If you prefer to directly look at the source, it is in CoreWorkerDirectTaskSubmitter::RequestNewWorkerIfNeeded in direct_task_transport.cc. The reply callback in the RequestWorkerLease call inside that function details the exact logic when a worker lease ends. (This is callback is ultimately triggered by the response sent from CancelAllTasksOwnedBy in cluster_task_manager after being triggered by HandleUnexpectedWorkerFailure in node_manager.cc, which is itself called based on a subscription to GCS).

You may also be interested in our architecture whitepaper, which has some details about fault tolerance for both nodes and workers: https://docs.google.com/document/d/1tBw9A4j62ruI5omIJbMxly-la5w4q_TjyJgJL_jN2fI/preview#

In particular,

Ray worker nodes are designed to be homogeneous, so that any single node may be lost without bringing down the entire cluster. The current exception to this is the head node, since it hosts the GCS. In 2.0, we have added experimental support for GCS fault tolerance, which allows the GCS to be restarted while minimizing disturbance to the rest of the cluster.

All nodes are assigned a unique identifier and communicate with each other through heartbeats. The GCS is responsible for deciding the membership of a cluster, i.e. which nodes are currently alive.
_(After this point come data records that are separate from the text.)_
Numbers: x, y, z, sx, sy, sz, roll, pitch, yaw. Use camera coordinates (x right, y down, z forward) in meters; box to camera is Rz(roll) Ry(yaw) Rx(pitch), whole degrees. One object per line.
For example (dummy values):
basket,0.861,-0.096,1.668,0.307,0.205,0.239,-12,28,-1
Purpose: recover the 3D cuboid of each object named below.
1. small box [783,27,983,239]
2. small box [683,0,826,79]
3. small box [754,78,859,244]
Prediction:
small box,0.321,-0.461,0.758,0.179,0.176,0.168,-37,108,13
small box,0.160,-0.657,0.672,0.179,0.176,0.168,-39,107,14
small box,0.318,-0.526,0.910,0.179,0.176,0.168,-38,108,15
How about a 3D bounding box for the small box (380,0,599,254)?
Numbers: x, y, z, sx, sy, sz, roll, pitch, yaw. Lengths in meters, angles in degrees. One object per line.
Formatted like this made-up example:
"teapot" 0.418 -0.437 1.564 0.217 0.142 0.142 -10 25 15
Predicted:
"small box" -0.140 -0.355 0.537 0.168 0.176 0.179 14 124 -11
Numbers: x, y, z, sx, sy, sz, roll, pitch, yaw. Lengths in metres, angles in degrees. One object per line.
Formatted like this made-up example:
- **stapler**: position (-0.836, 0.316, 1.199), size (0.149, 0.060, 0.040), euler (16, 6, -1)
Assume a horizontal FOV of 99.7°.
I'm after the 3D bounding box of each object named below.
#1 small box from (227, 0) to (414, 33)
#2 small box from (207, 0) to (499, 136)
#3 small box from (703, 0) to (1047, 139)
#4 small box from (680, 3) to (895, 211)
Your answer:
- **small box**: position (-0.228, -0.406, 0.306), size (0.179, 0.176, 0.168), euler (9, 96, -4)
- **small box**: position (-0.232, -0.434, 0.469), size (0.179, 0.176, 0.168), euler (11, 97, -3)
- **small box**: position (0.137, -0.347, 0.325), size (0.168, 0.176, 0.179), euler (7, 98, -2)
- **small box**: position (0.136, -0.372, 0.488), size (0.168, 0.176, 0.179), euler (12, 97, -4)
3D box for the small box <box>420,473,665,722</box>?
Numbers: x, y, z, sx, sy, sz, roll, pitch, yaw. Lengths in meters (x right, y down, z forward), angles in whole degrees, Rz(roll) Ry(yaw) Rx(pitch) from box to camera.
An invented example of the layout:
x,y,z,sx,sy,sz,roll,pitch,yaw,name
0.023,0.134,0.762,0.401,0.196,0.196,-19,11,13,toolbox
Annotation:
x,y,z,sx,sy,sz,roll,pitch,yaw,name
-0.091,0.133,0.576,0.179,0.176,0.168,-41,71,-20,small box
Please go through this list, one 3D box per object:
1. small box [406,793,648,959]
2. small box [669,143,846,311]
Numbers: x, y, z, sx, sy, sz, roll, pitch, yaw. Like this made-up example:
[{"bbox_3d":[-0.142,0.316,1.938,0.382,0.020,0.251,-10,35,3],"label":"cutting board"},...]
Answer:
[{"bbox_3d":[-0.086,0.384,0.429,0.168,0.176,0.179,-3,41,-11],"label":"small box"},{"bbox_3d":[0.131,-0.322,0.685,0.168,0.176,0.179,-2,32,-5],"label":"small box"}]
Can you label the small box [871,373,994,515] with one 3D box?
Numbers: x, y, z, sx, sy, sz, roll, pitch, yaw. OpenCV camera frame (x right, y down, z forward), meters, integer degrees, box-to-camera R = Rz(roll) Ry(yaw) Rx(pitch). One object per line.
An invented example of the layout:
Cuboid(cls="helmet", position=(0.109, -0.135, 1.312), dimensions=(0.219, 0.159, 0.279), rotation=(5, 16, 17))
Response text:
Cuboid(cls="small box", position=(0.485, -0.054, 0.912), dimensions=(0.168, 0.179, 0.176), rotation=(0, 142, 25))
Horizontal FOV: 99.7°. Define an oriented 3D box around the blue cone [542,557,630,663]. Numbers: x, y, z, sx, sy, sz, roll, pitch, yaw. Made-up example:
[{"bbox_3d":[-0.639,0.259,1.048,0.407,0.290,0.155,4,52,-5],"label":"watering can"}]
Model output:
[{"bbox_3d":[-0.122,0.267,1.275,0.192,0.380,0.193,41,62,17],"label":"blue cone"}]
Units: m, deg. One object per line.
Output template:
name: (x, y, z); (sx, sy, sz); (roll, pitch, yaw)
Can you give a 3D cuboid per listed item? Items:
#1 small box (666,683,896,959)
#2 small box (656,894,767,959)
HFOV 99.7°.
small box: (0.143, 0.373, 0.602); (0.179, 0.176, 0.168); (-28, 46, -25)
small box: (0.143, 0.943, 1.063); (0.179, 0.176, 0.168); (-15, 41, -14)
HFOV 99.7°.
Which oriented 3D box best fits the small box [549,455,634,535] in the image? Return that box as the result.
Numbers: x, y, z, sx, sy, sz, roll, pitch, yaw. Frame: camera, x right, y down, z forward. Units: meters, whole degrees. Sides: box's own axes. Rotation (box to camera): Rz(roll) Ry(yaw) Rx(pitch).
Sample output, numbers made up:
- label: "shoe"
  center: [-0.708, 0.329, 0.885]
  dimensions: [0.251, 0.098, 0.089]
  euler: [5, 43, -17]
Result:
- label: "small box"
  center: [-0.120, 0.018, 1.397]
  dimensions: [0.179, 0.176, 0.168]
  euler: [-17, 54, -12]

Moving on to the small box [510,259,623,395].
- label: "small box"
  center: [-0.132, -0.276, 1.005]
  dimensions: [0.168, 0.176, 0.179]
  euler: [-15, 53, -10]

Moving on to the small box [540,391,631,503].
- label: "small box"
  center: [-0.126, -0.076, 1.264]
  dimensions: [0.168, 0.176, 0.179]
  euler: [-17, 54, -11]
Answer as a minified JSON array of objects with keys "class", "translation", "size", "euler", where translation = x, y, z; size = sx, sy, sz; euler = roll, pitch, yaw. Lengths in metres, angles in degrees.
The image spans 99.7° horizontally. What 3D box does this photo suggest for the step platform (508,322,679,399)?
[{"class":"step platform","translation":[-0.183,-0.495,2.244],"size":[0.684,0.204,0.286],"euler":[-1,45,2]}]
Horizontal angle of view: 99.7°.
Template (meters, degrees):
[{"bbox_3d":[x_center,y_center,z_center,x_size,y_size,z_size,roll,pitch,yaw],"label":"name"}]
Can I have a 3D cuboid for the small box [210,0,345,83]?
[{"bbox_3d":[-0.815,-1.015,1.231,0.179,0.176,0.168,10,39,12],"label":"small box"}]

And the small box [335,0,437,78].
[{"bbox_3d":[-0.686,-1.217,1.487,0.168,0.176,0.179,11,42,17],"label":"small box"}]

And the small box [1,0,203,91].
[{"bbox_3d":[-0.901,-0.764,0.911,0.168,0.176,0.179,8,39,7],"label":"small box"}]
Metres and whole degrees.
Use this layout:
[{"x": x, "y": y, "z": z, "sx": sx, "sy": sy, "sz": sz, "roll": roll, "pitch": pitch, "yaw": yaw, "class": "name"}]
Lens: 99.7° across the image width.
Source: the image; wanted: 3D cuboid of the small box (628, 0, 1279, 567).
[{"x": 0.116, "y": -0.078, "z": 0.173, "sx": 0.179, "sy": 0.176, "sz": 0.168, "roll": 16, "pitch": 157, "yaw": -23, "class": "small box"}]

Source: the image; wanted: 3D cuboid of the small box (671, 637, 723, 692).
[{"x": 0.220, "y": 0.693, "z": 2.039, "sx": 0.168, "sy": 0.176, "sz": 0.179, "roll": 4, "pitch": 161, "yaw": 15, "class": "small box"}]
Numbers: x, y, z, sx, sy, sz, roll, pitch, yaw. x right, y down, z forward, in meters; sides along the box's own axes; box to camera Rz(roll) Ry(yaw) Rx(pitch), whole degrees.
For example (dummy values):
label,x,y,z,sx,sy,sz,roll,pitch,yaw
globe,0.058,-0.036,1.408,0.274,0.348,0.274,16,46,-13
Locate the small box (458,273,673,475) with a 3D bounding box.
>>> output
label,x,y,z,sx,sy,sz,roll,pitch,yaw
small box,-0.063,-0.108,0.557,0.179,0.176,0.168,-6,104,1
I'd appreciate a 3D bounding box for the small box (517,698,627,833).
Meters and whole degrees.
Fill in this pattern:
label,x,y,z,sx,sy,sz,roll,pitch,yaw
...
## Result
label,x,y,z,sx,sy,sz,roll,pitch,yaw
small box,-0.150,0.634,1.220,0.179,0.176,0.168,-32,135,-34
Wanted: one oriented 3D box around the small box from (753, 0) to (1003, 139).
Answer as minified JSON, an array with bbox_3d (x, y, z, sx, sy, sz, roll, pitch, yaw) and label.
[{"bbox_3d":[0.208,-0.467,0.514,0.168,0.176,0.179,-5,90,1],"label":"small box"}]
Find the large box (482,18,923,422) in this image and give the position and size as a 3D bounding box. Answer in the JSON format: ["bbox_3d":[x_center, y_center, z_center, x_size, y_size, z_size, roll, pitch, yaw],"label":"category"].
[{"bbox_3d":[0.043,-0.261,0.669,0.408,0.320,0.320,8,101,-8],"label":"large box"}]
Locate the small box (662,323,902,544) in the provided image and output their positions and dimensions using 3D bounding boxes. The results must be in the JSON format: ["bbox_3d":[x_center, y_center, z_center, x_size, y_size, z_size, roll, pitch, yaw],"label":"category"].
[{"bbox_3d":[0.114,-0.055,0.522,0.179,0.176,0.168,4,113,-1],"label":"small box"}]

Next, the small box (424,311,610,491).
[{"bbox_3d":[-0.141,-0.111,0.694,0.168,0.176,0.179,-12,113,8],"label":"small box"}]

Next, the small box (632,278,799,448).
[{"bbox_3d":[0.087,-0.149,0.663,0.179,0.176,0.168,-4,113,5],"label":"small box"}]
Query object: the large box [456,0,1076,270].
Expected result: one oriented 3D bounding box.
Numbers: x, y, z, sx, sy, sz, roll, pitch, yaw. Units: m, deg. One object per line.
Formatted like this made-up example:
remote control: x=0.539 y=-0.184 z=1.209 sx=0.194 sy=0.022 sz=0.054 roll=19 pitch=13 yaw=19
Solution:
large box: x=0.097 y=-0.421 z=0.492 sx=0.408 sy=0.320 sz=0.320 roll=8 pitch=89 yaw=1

The GCS tombstones any node ID that times out, meaning that a new raylet must be started on that node with a different node ID in order to reuse the physical resources. A raylet that is still alive exits if it hears that it has been timed out. Failure detection of a node currently does not handle network partitions: if a worker node is partitioned from the GCS, it will be timed out and marked as dead.

Each raylet reports the death of any local worker process to the GCS. The GCS broadcasts these failure events and uses them to handle actor death. All worker processes fate-share with the raylet on their node.

The raylets are responsible for preventing leaks in cluster resources and system state after individual worker process failures. For a worker process (local or remote) that has failed, each raylet is responsible for:

  • Freeing cluster resources, such as CPUs, needed for task execution. This is done by killing any workers that were leased to the failed worker (see Resource Fulfillment). Any outstanding resource requests made by the failed worker are also canceled.
  • Freeing any distributed object store memory used for objects owned by that worker (see Memory Management). This also cleans up the associated entries in the object directory.

cc: @jjyao and @Chen_Shen for anything I missed

1 Like

@vitsai, thank you for the detailed response. That makes sense to me.

@YarShev Now that you got all the information about how FT is handled, can we close this issue?

@Jules_Damji, sure, you can close it.